Doch das wäre alles nicht so schlimm, so furchterregend, wenn nur er an ihrer Seite wäre. Man könnte gemeinsam durch den tristen Alltag gehen und gemeinsam über die ersten Gedächtnislücken lachen. Allerdings war er nicht einmal mehr richtig in ihrem Kopf vorhanden. Sie hatte nur noch dieses eine Bild von ihm, das langsam verblasste. Sie meinte nicht irgendeine Holophotographie. Nein, sie meinte das Bild ihrer Erinnerung. Dasjenige, wo er lächelnd neben ihr stand und sie sich endlich frei genug fühlt auf ihn zuzugehen, ihre Hand in seinen Nacken zu legen und sein Gesicht zu dem ihren herabzuziehen...

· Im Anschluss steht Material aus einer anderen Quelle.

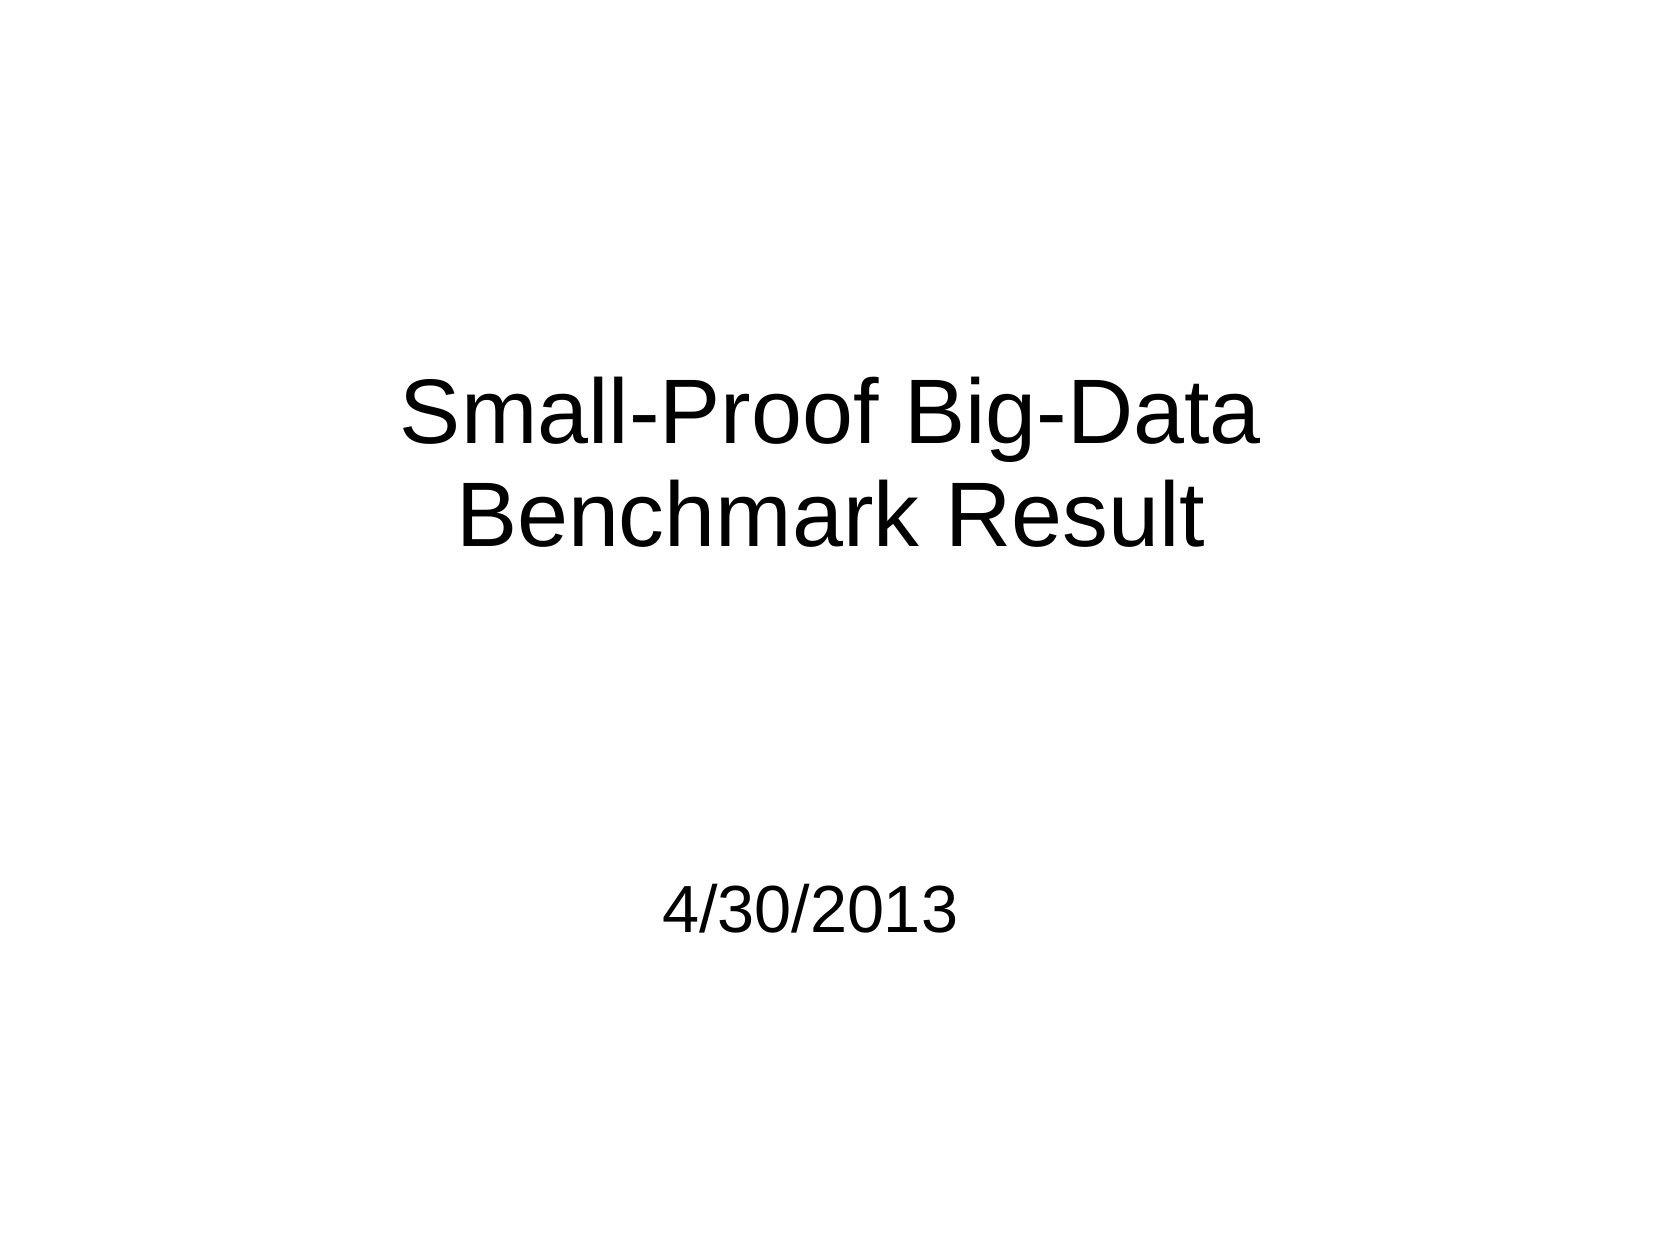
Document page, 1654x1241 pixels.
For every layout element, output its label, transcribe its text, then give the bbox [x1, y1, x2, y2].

subtitle 4/30/2013 [82, 810, 1538, 1010]
title Small-Proof Big-Data Benchmark Result [86, 360, 1576, 568]
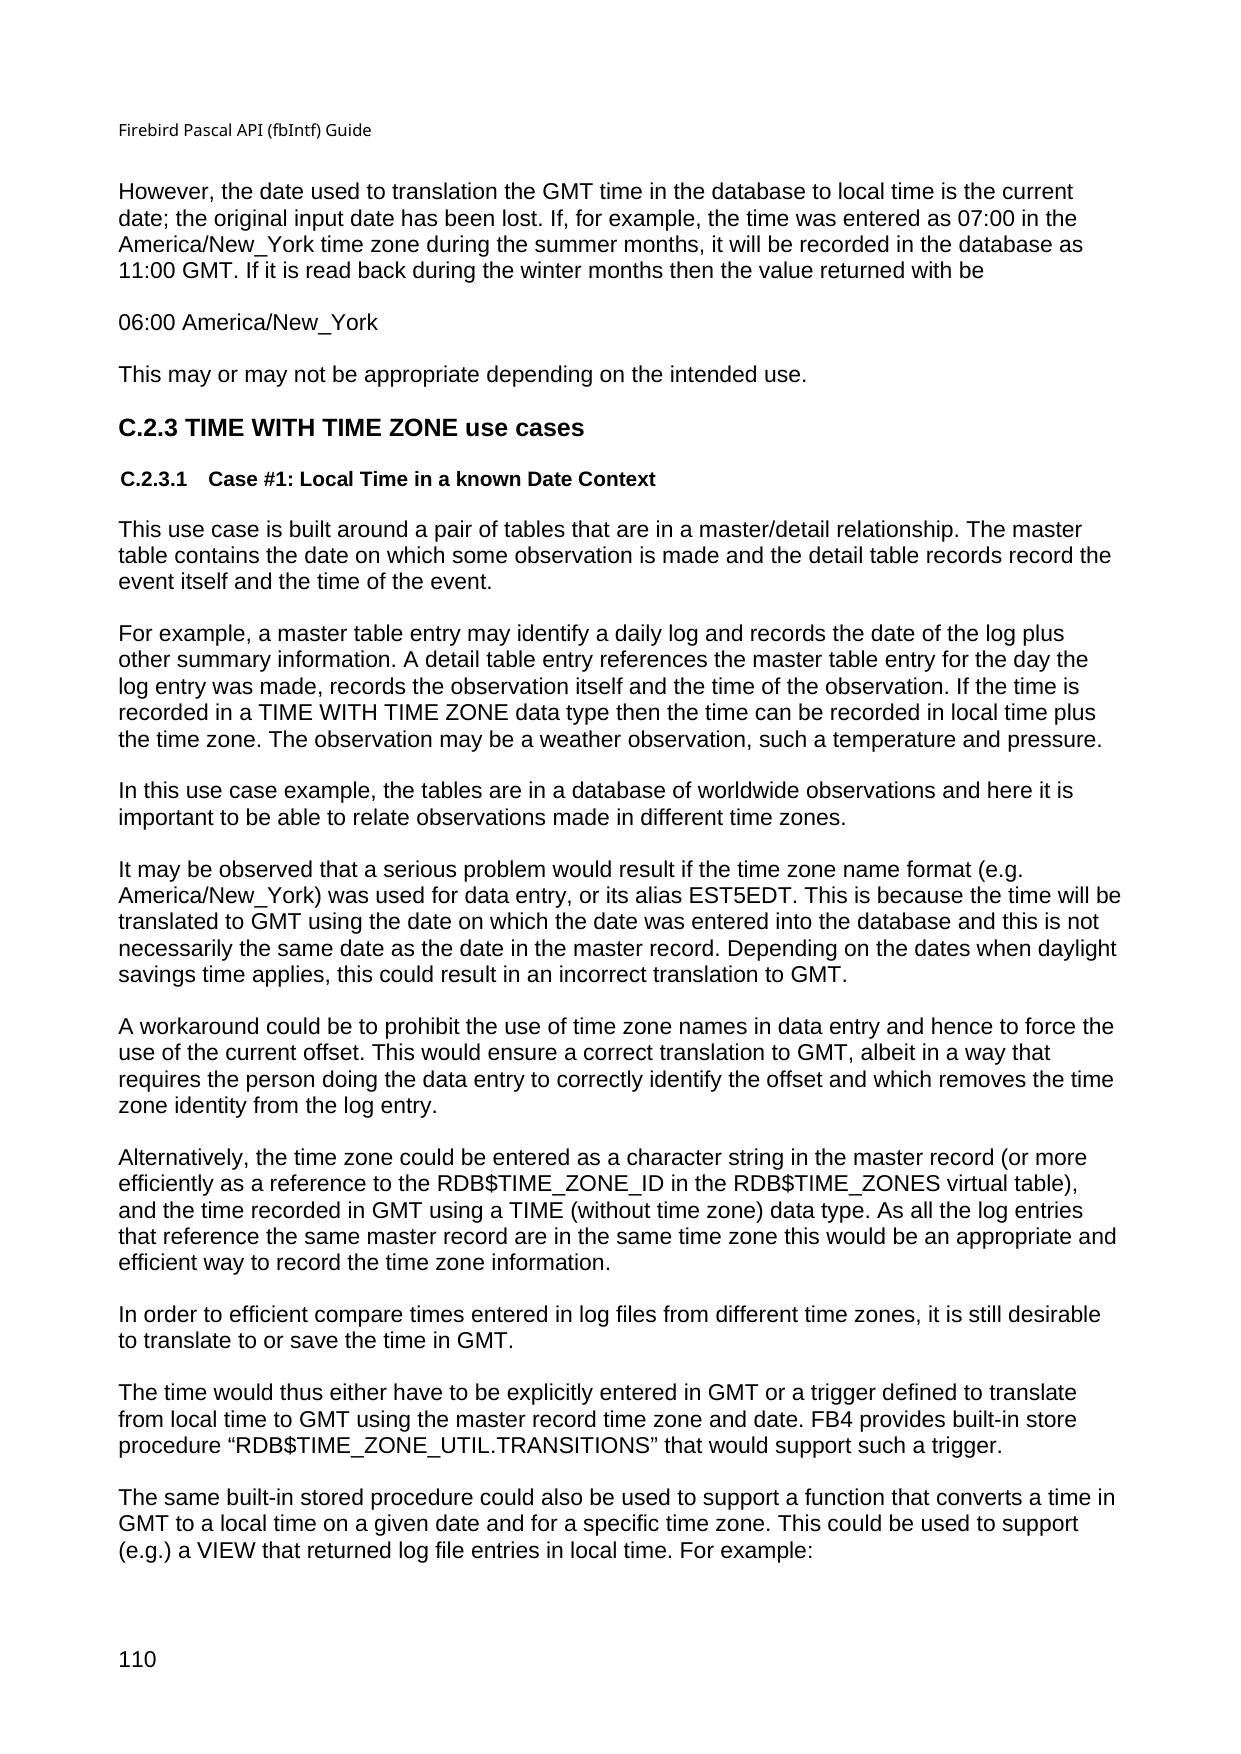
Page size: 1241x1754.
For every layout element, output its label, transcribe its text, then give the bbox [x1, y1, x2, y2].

text A workaround could be to prohibit the use of time zone names in data entry and hence to force the use of the current offset. This would ensure a correct translation to GMT, albeit in a way that requires the person doing the data entry to correctly identify the offset and which removes the time zone identity from the log entry. [118, 1013, 1122, 1118]
text However, the date used to translation the GMT time in the database to local time is the current date; the original input date has been lost. If, for example, the time was entered as 07:00 in the America/New_York time zone during the summer months, it will be recorded in the database as 11:00 GMT. If it is read back during the winter months then the value returned with be [118, 178, 1122, 283]
subtitle TIME WITH TIME ZONE use cases [118, 413, 1122, 442]
text This may or may not be appropriate depending on the intended use. [118, 361, 1122, 387]
list Case #1: Local Time in a known Date Context [118, 467, 1122, 491]
text For example, a master table entry may identify a daily log and records the date of the log plus other summary information. A detail table entry references the master table entry for the day the log entry was made, records the observation itself and the time of the observation. If the time is recorded in a TIME WITH TIME ZONE data type then the time can be recorded in local time plus the time zone. The observation may be a weather observation, such a temperature and pressure. [118, 620, 1122, 752]
text 06:00 America/New_York [118, 309, 1122, 335]
text This use case is built around a pair of tables that are in a master/detail relationship. The master table contains the date on which some observation is made and the detail table records record the event itself and the time of the event. [118, 516, 1122, 594]
text The time would thus either have to be explicitly entered in GMT or a trigger defined to translate from local time to GMT using the master record time zone and date. FB4 provides built-in store procedure “RDB$TIME_ZONE_UTIL.TRANSITIONS” that would support such a trigger. [118, 1379, 1122, 1458]
text In this use case example, the tables are in a database of worldwide observations and here it is important to be able to relate observations made in different time zones. [118, 777, 1122, 830]
text In order to efficient compare times entered in log files from different time zones, it is still desirable to translate to or save the time in GMT. [118, 1301, 1122, 1354]
text Alternatively, the time zone could be entered as a character string in the master record (or more efficiently as a reference to the RDB$TIME_ZONE_ID in the RDB$TIME_ZONES virtual table), and the time recorded in GMT using a TIME (without time zone) data type. As all the log entries that reference the same master record are in the same time zone this would be an appropriate and efficient way to record the time zone information. [118, 1144, 1122, 1276]
text It may be observed that a serious problem would result if the time zone name format (e.g. America/New_York) was used for data entry, or its alias EST5EDT. This is because the time will be translated to GMT using the date on which the date was entered into the database and this is not necessarily the same date as the date in the master record. Depending on the dates when daylight savings time applies, this could result in an incorrect translation to GMT. [118, 856, 1122, 987]
text The same built-in stored procedure could also be used to support a function that converts a time in GMT to a local time on a given date and for a specific time zone. This could be used to support (e.g.) a VIEW that returned log file entries in local time. For example: [118, 1484, 1122, 1563]

Doch dann, dann verlor sich die Erinnerung. Das Bild verblasste. Sie wusste nicht mehr, was er in diesem Augenblick sagte, ob er überhaupt etwas sagte; sie konnte sich nicht mehr daran erinnern, wie es sich anfühlte, als er schließlich mit seinem Handrücken über ihre Wange strich. Und von Tag zu Tag schien dieses mentale Andenken immer weiter wegzudriften. Ein Andenken, das sie nicht zurückholen konnte.

Oder doch?

Langsam formte sich in ihr ein Plan. Sie würde einige Regeln biegen und einige Menschen überzeugen müssen, aber für was, wenn nicht das, war sie denn je Admiral der Sternenflotte gewesen?

Ruhig erhob sie sich aus ihrem Sessel. Sie trat an die weitläufig verglaste Wand ihres Wohnzimmers heran und öffnete die Glastür zur Veranda. Eine kalte Abendbrise wehte ihr entgegen, als sie – die Arme fest um ihren schmalen Körper geschlungen – auf die Terrasse trat. Ihr Kinn leicht anhebend blickte sie in den dunklen Abendhimmel, der von tausenden von schimmernden Sternen und einem strahlenden Mond erhellt wurde. Das milchige Licht umspielte sanft ihre Gesichtszüge, die sich nun allmählich glätteten, und die Sorgenfalten der letzten Jahrzehnte schienen zu verschwinden.

Sie würde mit Mindwork in Verbindung treten.
Sie würde sich über Regulationen hinwegsetzen.
Sie würde gegen die Zeit kämpfen – und dieses Mal würde sie gewinnen.